Витгенштейн отмечает, что суть «ожидания» заключается не в «ощущении ожидания» или «состоянии ожидания», даже если это означает ожидание того, «что произойдет то-то и то-то».[4] «Ожидание» – это не единственный и даже скорее опрометчивый способ описать ощущения напряжения в ожидании чего-либо или кого-либо.[5] Далее Витгенштейн ставит вопрос, бросающий вызов здравому смыслу: «Как мы можем ожидать что-то, что не имеет места?», «Как мы можем ожидать факт, который не существует?».[6] Согласно расхожему мнению, мы преследуем лишь «тень факта». «Тень – это что-то вроде портрета».[7] Проблема в том, что что-то вроде портрета должно быть перед нашими глазами. Поэтому суть ожидания не в особом состоянии сознания или ментальном процессе, но в знании того, что и как необходимо сделать.[8] Идея ментального акта здесь подобна суеверию, как если бы ментально мы могли бы пересечь мост до того, как сделаем это физически: такие проблемы возникают, когда мы пытаемся представить «идеи мышления, желания, ожидания, верования, знания…».[9]

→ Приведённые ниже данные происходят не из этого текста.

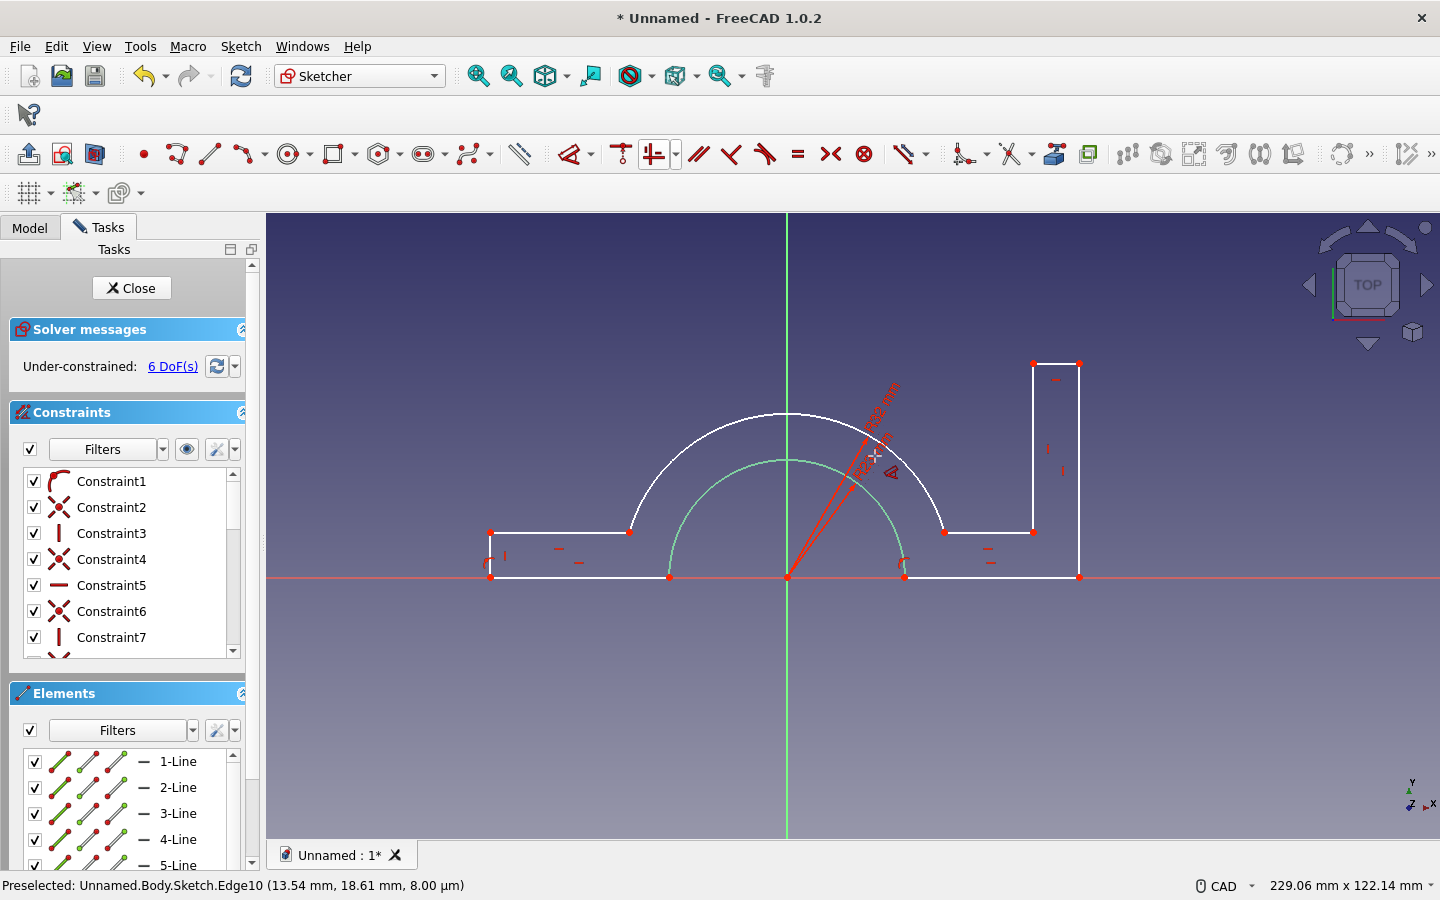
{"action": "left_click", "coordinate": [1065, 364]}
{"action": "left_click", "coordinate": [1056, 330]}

В своих Философских размышлениях Витгенштейн идет дальше. Он пишет: «Я хочу сказать: “Если бы кто-то был способен наблюдать ментальный процесс ожидания, он обязательно бы видел, что ожидается”.[10] Он добавляет: «Но утверждение, будто кто-то воспринимает (или испытывает) ожидание, не имеет смысла…».[11] Далее он спрашивает: «А как выглядит мое ожидание его прихода? Я хожу взад и вперед по комнате, то и дело поглядываю на часы и т. д.».[12] Но его приход – это совершенно иное событие, которое не происходит параллельно с перечисленными выше действиями во время ожидания. Один процесс с другим не имеет ни малейшего сходства! «Нам никак не отделаться от мысли, будто использование предложения состоит в том, что при каждом его слове человеку что-то представляется».[13]
Х. Прайс верно подметил, что веру очень часто представляют, как должный отклик в соответствующей ситуации, но главным образом как психологическое или ментальное состояние. К примеру, я не перестаю верить, когда засыпаю или теряю сознание, потому что это не ментальное событие в моем сознании.[14] Вера выражается в конкретных поступках. К примеру, если на мою веру нападают, вероятнее всего, я буду защищать ее. В том же ключе размышляет Витгенштейн: «Мы говорим: “я его жду”, веря, что он придет, но его приход не занимает наших мыслей. (“я его жду” означает тут “я был бы удивлен, если бы он не пришел”, а это не назовешь описанием душевного или ментального состояния).[15] Предвосхищая мысли Х. Прайса, Витгенштейн говорит, что веровать – это не столько состояние ума или чувство уверенности («это бы нас не интересовало»), сколько: «каковы последствия этой веры, к чему она нас ведет».[16]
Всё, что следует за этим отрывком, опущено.